デール先生は説明を終えると職員室へ戻って行った。五時間目の準備だろう。
「えっと、スグニと私が戦うって事?まさか、ね。だって、こーゆーのってお互いが了解しないといけないし」
そう、血統だか血糖だか知らないが私がオッケーと言わない限り、無効に決まってる。そう思ってたのだが、
『そこで提案なんだが、杖が手に入って、俺様をボコボコに出来て、なおかつ俺様と二度と会わなくて良いって手段があったなら、カトちゃんはやるかい?』
『モグっ?(ガツガツムシャムシャコクゴクプピビピ)…お前殴る、杖貰える、もう近寄らない、おけ?』
私、欠闘にオッケーって言ってたわ。そんで、その時の会話をスグニが風魔法で音を記録して先生方に提出済みだって事を知らされたのは、放課後帰ろうとしていた時だった。

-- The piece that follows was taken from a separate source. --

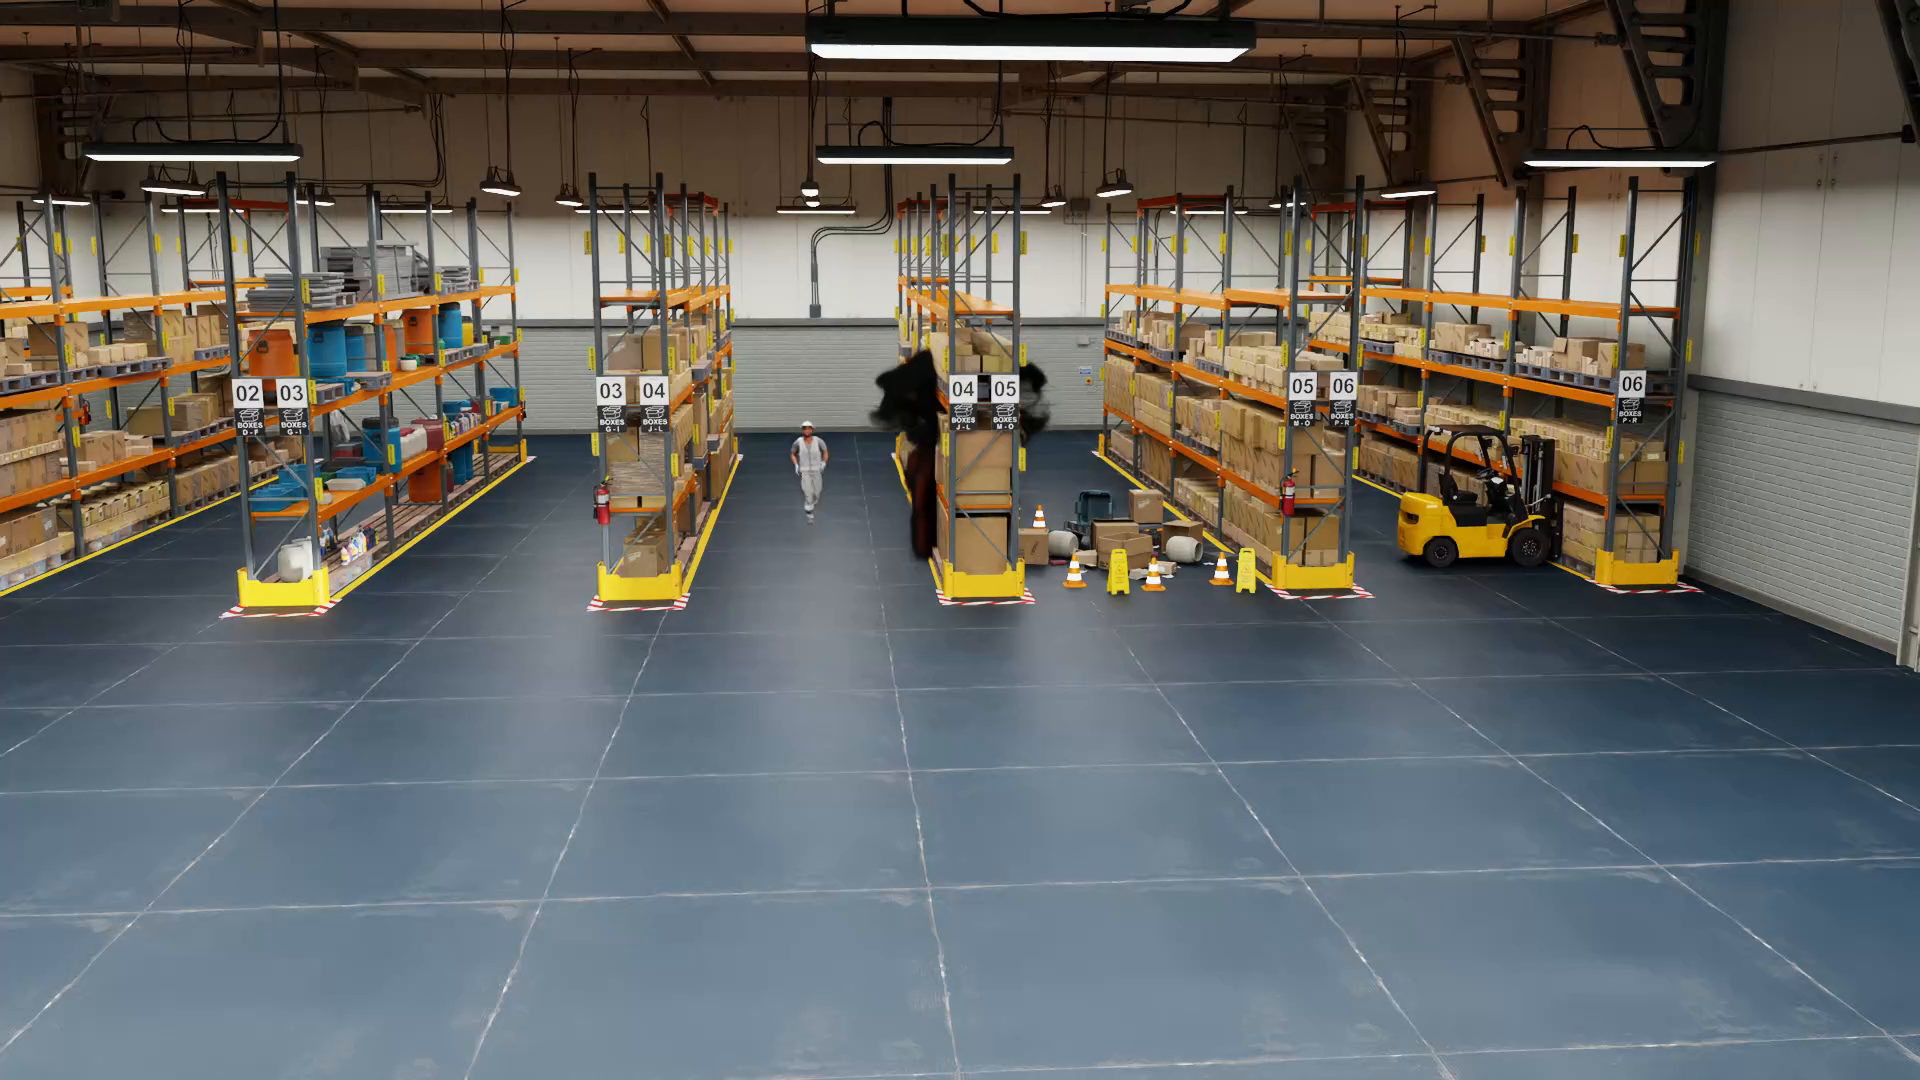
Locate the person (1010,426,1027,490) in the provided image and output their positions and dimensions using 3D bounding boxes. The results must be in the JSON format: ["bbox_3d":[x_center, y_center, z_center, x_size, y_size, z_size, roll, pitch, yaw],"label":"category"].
[{"bbox_3d":[1.104,-1.728,33.931,0.555,1.614,0.786,0,10,-1],"label":"person"}]

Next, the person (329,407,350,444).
[{"bbox_3d":[-14.777,-2.714,39.360,0.642,1.683,0.871,-9,14,-42],"label":"person"}]

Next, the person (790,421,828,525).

「違うんですよデール先生、その『おけ?』は了解じゃなくて、確認のおけ?なんです!」
私は欠闘を了承していないと、声を大にして主張したが、学園全体が何十年ぶりかの欠闘を見たいという空気になってしまって時既に遅し。私はデール先生とC組の皆の手でワッショイワッショイとグラウンドまで運ばれて行ったのだった。
「見学に集まってくれた生徒の皆様お待たせしました。間もなく、欠闘が数十年ぶりに開催されます。司会はこの私、雑炊が所属するC組担任のデール、解説には元C組のトムトム・トム君と、A組でスグニと席が近いタフガイ・マキシマム君をお呼びしています」
「どうも、B組とC組行ったり来たりのトムです。友達0人の雑炊と唯一マトモに会話していた俺の知識が解説の役に゙立つのなら、こんなに嬉しい事はありません」
「紹介頂いたタフガイだぁ!スグニと雑炊のダメな所は大体知ってるから何でも聞いてくれ!」
実況席では、デール先生・トム・タフガイの三人が私の悪口を言いたい放題。それを聞いて観客がワハハと馬鹿笑いしている。
「ドナベさん、これ何?私乙女ゲームって未だに良く分からないんだけど、乙女ゲームでこんな展開あるの?」
「欠闘も、スグニとのボス戦も一応存在はしたけど、状況が違い過ぎるね。だが、寧ろ好都合」
こんな状況にも関わらず、ドナベさんは土鍋の中で不敵に笑う。
「展開はどうあれ、嫌われ者のスグニをボコボコにして物語から退場させて、学園と攻略対象の評価爆上げは当初の予定通り。雑炊、これまで君が手にした力、全部ぶつけてこい!」
「おうっ!」
パァン!
土鍋から伸びた手にお尻を叩かれた私は、気合と共に欠闘の舞台へと駆け上がった。